Distribution Reinvestment Plan
 
The Bank of New York Mellon ("Plan Agent") will act as Plan Agent for shareholders who have not elected in writing to receive dividends and distributions in cash (each a "Participant"), will open an account for each Participant under the Distribution Reinvestment Plan ("Plan") in the same name as their then current Shares are registered, and will put the Plan into effect for each Participant as of the first record date for a dividend or capital gains distribution.
 
Whenever the Fund declares a dividend or distribution with respect to the common stock of the Fund ("Shares"), each Participant will receive such dividends and distributions in additional Shares, including fractional Shares acquired by the Plan Agent and credited to each Participant's account. If on the payment date for a cash dividend or distribution, the net asset value is equal to or less than the market price per Share plus estimated brokerage commissions, the Plan Agent shall automatically receive such Shares, including fractions, for each Participant's account. Except in the circumstances described in the next paragraph, the number of additional Shares to be credited to each Participant's account shall be determined by dividing the dollar amount of the dividend or distribution payable on their Shares by the greater of the net asset value per Share determined as of the date of purchase or 95% of the then current market price per Share on the payment date.
 
Should the net asset value per Share exceed the market price per Share plus estimated brokerage commissions on the payment date for a cash dividend or distribution, the Plan Agent or a broker-dealer selected by the Plan Agent shall endeavor, for a purchase period lasting until the last business day before the next date on which the Shares trade on an "ex-dividend" basis, but in no event, except as provided below, more than 30 days after the payment date, to apply the amount of such dividend or distribution on each Participant's Shares (less their pro rata share of brokerage commissions incurred with respect to the Plan Agent's open-market purchases in connection with the reinvestment of such dividend or distribution) to purchase Shares on the open market for each Participant's account. No such purchases may be made more than 30 days after the payment date for such dividend or distribution except where temporary curtailment or suspension of purchase is necessary to comply with applicable provisions of federal securities laws. If, at the close of business on any day during the purchase period the net asset value per Share equals or is less than the market price per Share plus estimated brokerage commissions, the Plan Agent will not make any further open-market purchases in connection with the reinvestment of such dividend or distribution. If the Plan Agent is unable to invest the full dividend or distribution amount through open-market purchases during the purchase period, the Plan Agent shall request that, with respect to the uninvested portion of such dividend or distribution amount, the Fund issue new Shares at the close of business on the earlier of the last day of the purchase period or the first day during the purchase period on which the net asset value per Share equals or is less than the market price per Share, plus estimated brokerage commissions, such Shares to be issued in accordance with the terms specified in the third paragraph hereof.

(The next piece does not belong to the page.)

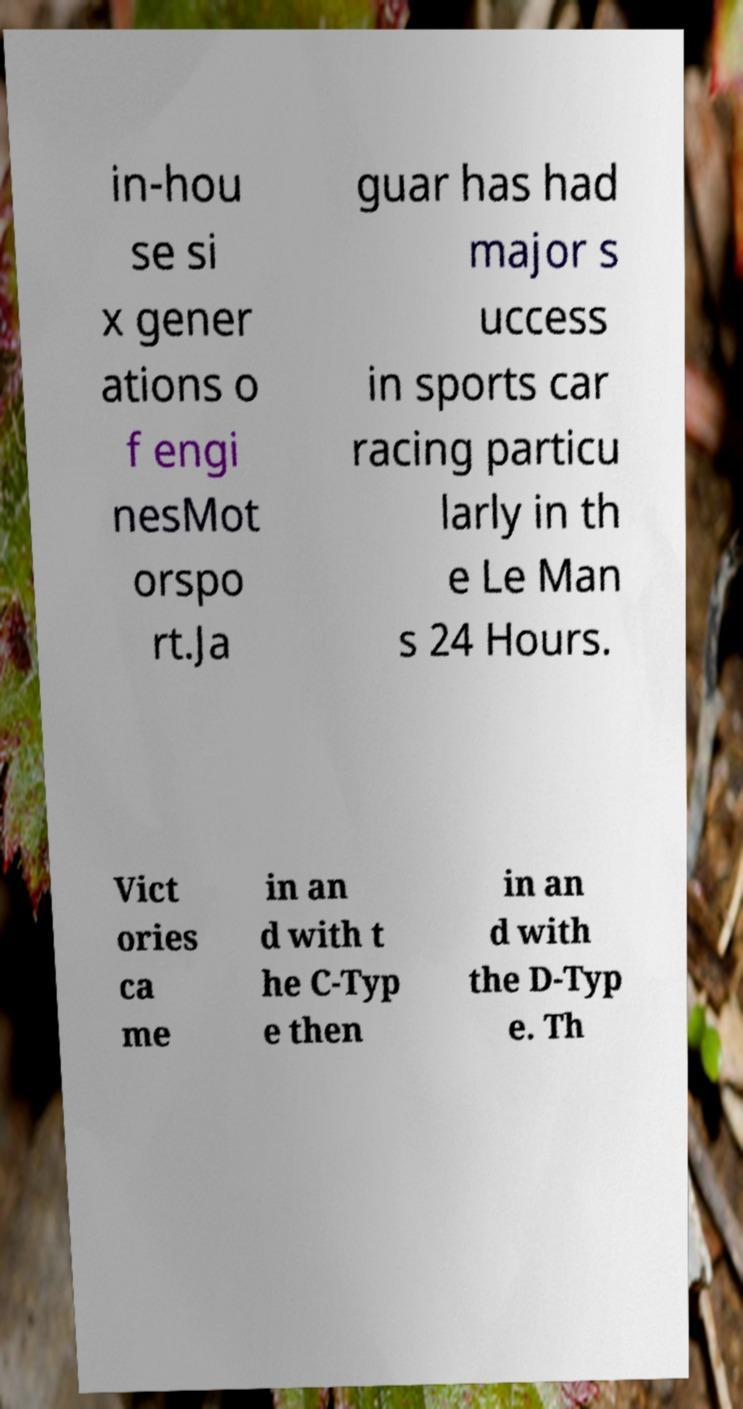Could you extract and type out the text from this image? in-hou se si x gener ations o f engi nesMot orspo rt.Ja guar has had major s uccess in sports car racing particu larly in th e Le Man s 24 Hours. Vict ories ca me in an d with t he C-Typ e then in an d with the D-Typ e. Th

These newly issued Shares will be valued at the then-current market price per Share at the time such Shares are to be issued.
 
For purposes of making the reinvestment purchase comparison under the Plan, (a) the market price of the Shares on a particular date shall be the last sales price on the New York Stock Exchange (or if the Shares are not listed on the New York Stock Exchange, such other exchange on which the Shares are principally traded) on that date, or, if there is no sale on such Exchange (or if not so listed, in the over-the-counter market) on that date, then the mean between the closing bid and asked quotations for such Shares on such Exchange on such date and (b) the net asset value per Share on a particular date shall be the net asset value per Share most recently calculated by or on behalf of the Fund. All dividends, distributions and other payments (whether made in cash or Shares) shall be made net of any applicable withholding tax.
 
Open-market purchases provided for above may be made on any securities exchange where the Fund's Shares are traded, in the over-the-counter market or in negotiated transactions and may be on such terms as to price, delivery and otherwise as the Plan Agent shall determine. Each Participant's uninvested funds held by the Plan Agent will not bear interest, and it is understood that, in any event, the Plan Agent shall have no liability in connection with any inability to purchase Shares within 30 days after the initial date of such purchase as herein provided, or with the timing of any purchases effected. The Plan Agent shall have no responsibility as to the value of the Shares acquired for each Participant's account. For the
 
 
27 

 

purpose of cash investments, the Plan Agent may commingle each Participant's funds with those of other shareholders of the Fund for whom the Plan Agent similarly acts as agent, and the average price (including brokerage commissions) of all Shares purchased by the Plan Agent as Plan Agent shall be the price per Share allocable to each Participant in connection therewith.
 
The Plan Agent may hold each Participant's Shares acquired pursuant to the Plan together with the Shares of other shareholders of the Fund acquired pursuant to the Plan in noncertificated form in the Plan Agent's name or that of the Plan Agent's nominee. The Plan Agent will forward to each Participant any proxy solicitation material and will vote any Shares so held for each Participant only in accordance with the instructions set forth on proxies returned by the Participant to the Fund.
 
The Plan Agent will confirm to each Participant each acquisition made for their account as soon as practicable but not later than 60 days after the date thereof. Although each Participant may from time to time have an undivided fractional interest (computed to three decimal places) in a Share, no certificates for a fractional Share will be issued. However, dividends and distributions on fractional Shares will be credited to each Participant's account. In the event of termination of a Participant's account under the Plan, the Plan Agent will adjust for any such undivided fractional interest in cash at the market value of the Shares at the time of termination, less the pro rata expense of any sale required to make such an adjustment.
 
Any Share dividends or split Shares distributed by the Fund on Shares held by the Plan Agent for Participants will be credited to their accounts. In the event that the Fund makes available to its shareholders rights to purchase additional Shares or other securities, the Shares held for each Participant under the Plan will be added to other Shares held by the Participant in calculating the number of rights to be issued to each Participant.
 
The Plan Agent's service fee for handling capital gains distributions or income dividends will be paid by the Fund. Participants will be charged their pro rata share of brokerage commissions on all open-market purchases.
 
Each Participant may terminate their account under the Plan by notifying the Plan Agent in writing. Such termination will be effective immediately if the Participant's notice is received by the Plan Agent not less than ten days prior to any dividend or distribution record date, otherwise such termination will be effective the first trading day after the payment date for such dividend or distribution with respect to any subsequent dividend or distribution. The Plan may be terminated by the Plan Agent or the Fund upon notice in writing mailed to each Participant at least 30 days prior to any record date for the payment of any dividend or distribution by the Fund.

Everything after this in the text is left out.